第4話 二人:3 (1/2)

 授業が終わる頃には興奮も下半身も収まっていた。まぁ所詮は魚。そこまでという感じ。



 授業が終わって理科室を出ようと廊下に出る寸前で、右腕の袖に不自然な力を感じ、足を止める。誰かに引っ張られたためだと想像がついたので行動を阻害された事に若干イラつきながら振り返ると、そこには長い睫毛を伏せて目線を下に落とした女子生徒……北村が立っていた。

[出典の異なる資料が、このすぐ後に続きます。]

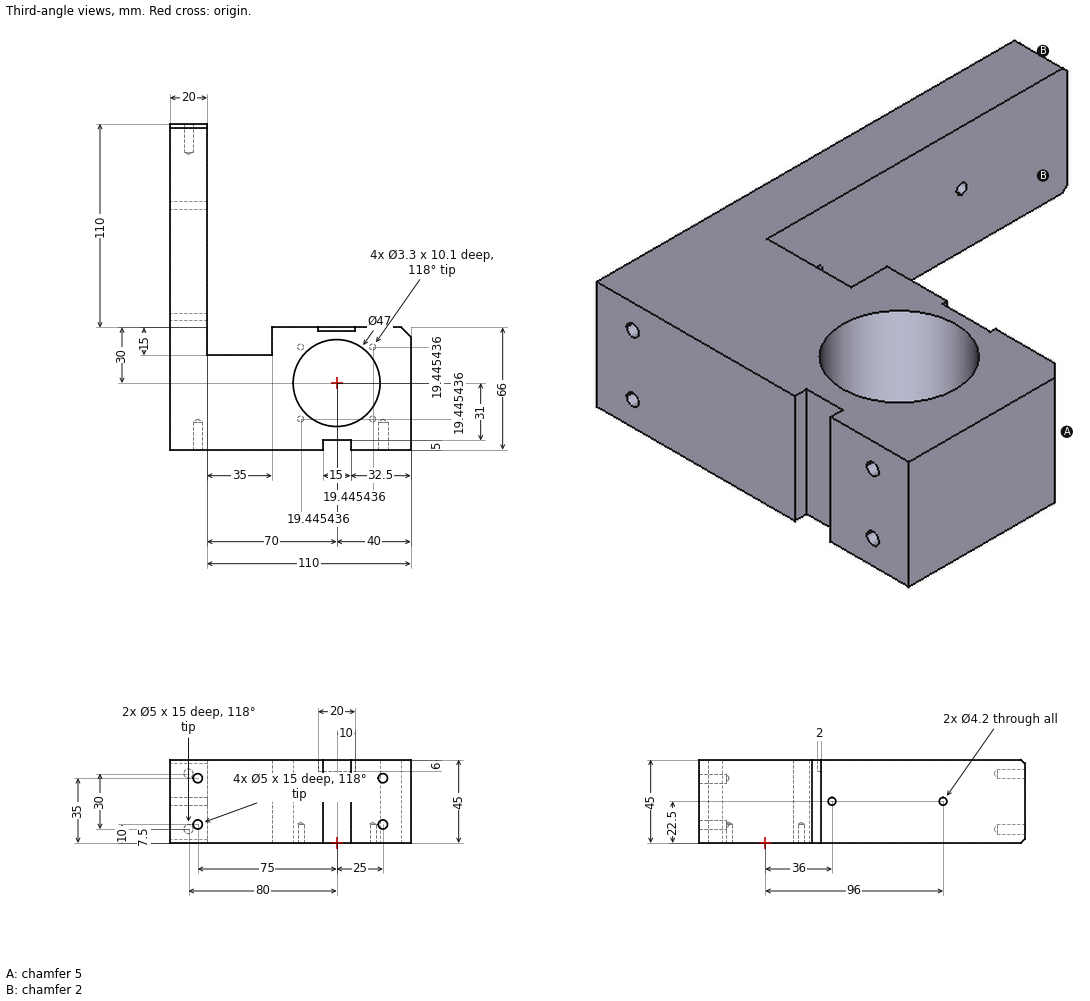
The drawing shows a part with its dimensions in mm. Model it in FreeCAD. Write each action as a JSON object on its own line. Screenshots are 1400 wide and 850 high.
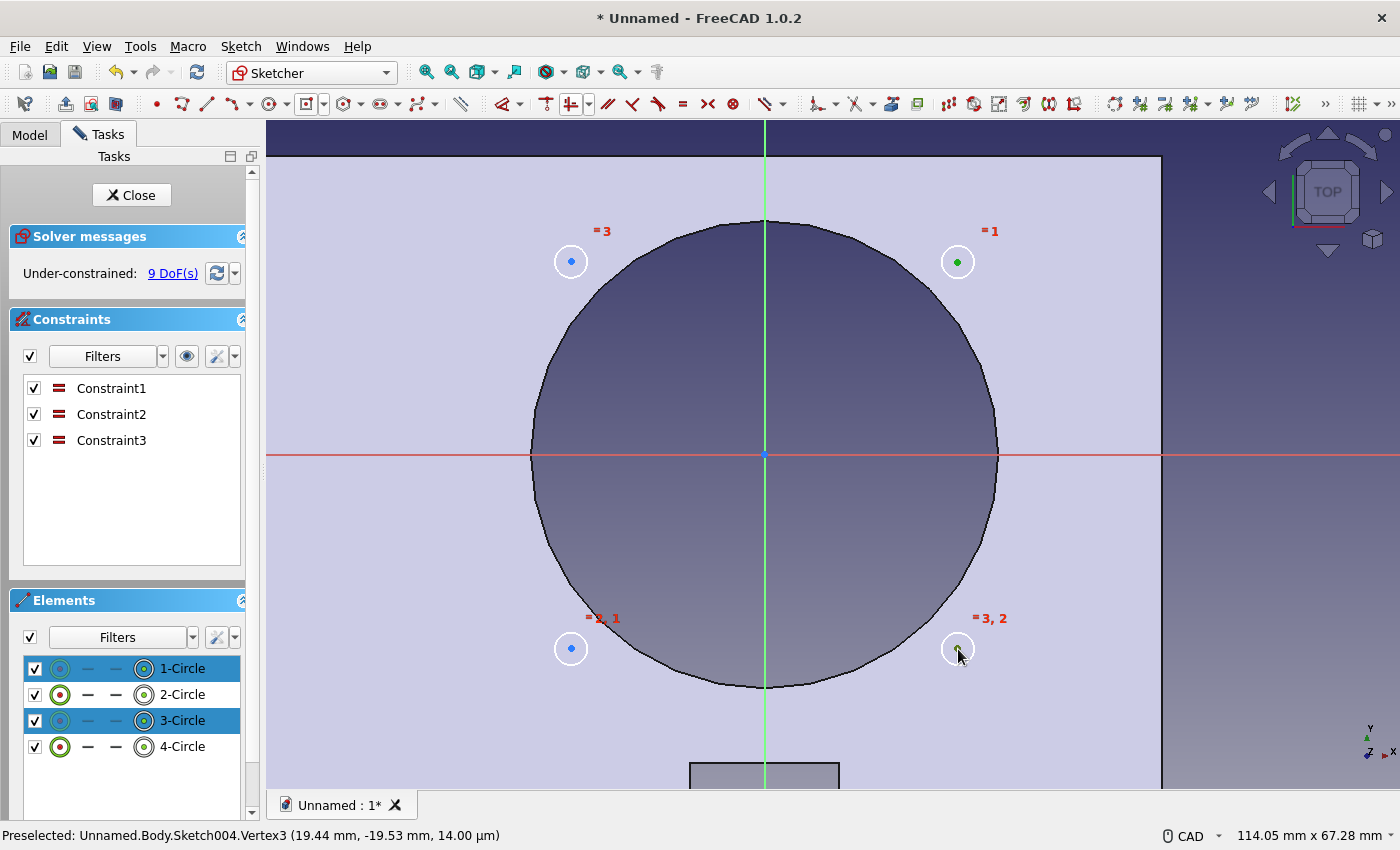
{"action": "key", "text": "v"}

 その後ろに、女子生徒が二人。名前は覚えていない。北村の背中をつついたり、にやにや笑いながらなにか小声で言っている。

 これは不快極まりない。



「何」



「あ……のね。

 さ、差し支えなければ、榊原君の……」



「何言ってるかわかんない。

 声、ちっさすぎ」



「……。だ、だから!

 アドレス、……メールアドレス教えて!

 榊原君、ラインやってないって他の男子にきいたから……。あ、い、嫌だったら別に……!」



 なんだこいつ。友人をぞろぞろ引き連れて何事かと思ったら、大袈裟な。いや、そうだ、大袈裟だからタチが悪い。ここで嫌だと断ったら、この取り巻いている女子生徒二人から批難を浴びることになるのだろう。そんなことはどうでもいいのだが、大事になることは避けたい。

 この状況で穏便に済む断り文句が思い付かなかった俺は「いいよ」と承諾した。


 その瞬間、後ろにいる女子の二人の奇声。「きゃー」だか「ひゃー」だかよくわからない甲高い声で叫びながら北村をバシバシ叩く。不意をつかれたので、その声に頭を貫かれた気がした。


 ……え、おい。なんだこれ。頭に響く。やめろ。

 北村をそんなに殴ってどうするんだ。


 しかし叩かれている当の本人は顔を真っ赤にしながら満面の笑みを浮かべていた。「もー、やめてよー」とか言ってるくせに全然嬉しそうな顔をしている。俺の中で言葉と表情が伴っていない彼女に説明がつかず、きっとマゾなのだろうと結論付けた。



 そんな奇妙な光景を黙って見ていると、はっとしたように北村は二人をなだめ、ポケットから小さい紙を取り出した。



「これ、私のアドレス……。

 暇な時にでもメール送ってね」



 俺は「わかった」とだけ言うと紙を受け取り、理科室を後にした。後ろからまた奇声が聞こえたが無視をした。